Anyone who, like me, is both a fan of heavy metal and also classical music; not just metal with some orchestral layers added, but truly a fan of pure metal and pure classical; and likewise, anyone who likes not just folk metal, but also likes folk and metal individually, should be very interested in investigating this album further. To begin with, I discovered that while I was in the process of writing this review, Toreignimmortal over at DMB added a follow-up to the original post there, which includes videos for two of these songs, the introductory “Red Knight” as well as the ballad (and as likely a candidate for a single as this album has to offer) “Condwiramurs.” Additionally, now that the album has been officially released, I’ve learned that the whole thing has been made available for streaming on the Enid Facebook page.

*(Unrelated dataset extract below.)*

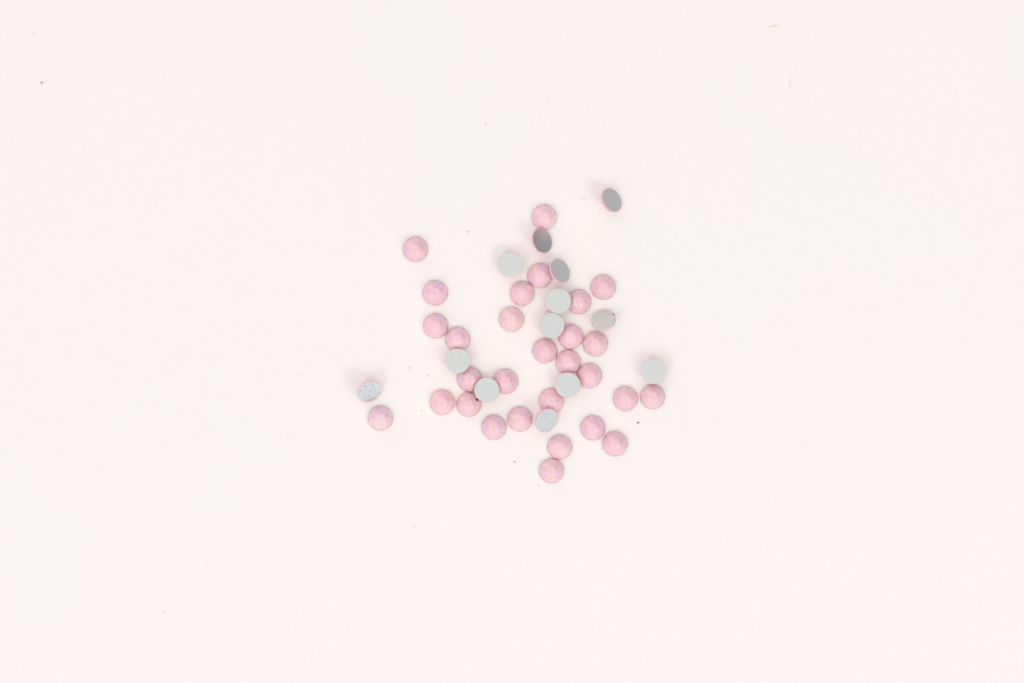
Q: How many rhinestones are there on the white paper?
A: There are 42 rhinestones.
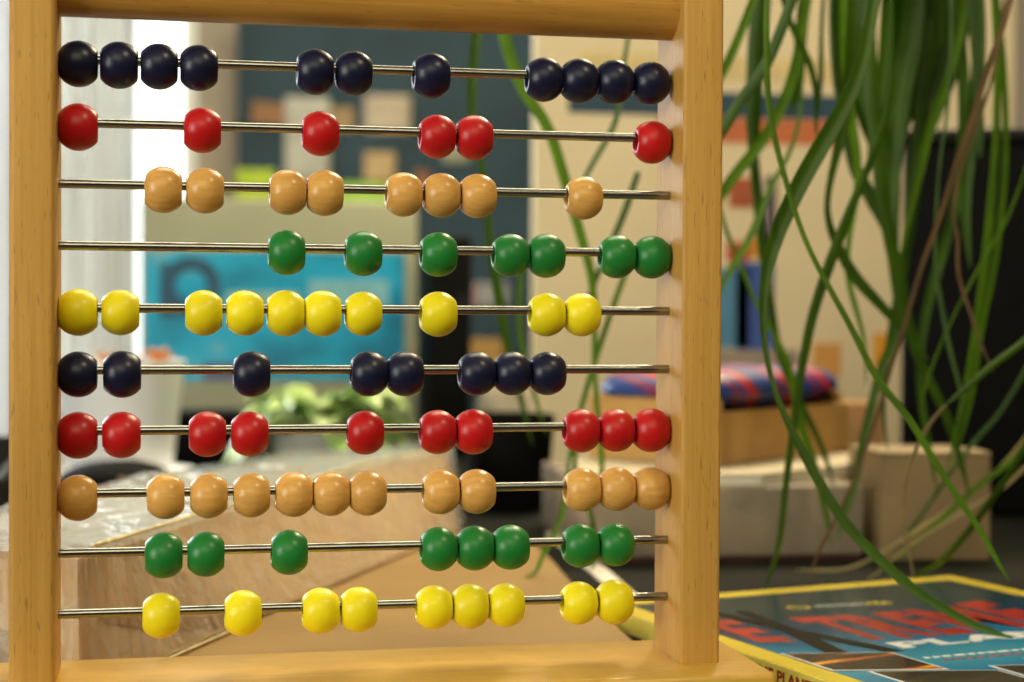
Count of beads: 89

Finally, if you’ve decided you’d like to have a copy of this album for your very own, click here to buy the mp3 downloadable version from Amazon, or for the CD digipack version, visit the Aural Music webstore. Enjoy!
*For those not well-versed in American football, the Pittsburgh team (the Steelers, named for the same local industrial history as this blog) competes in the same division as the team from Cleveland (the Browns, named for the color of poop), and there is a fierce rivalry between the two cities that has extended back for many decades.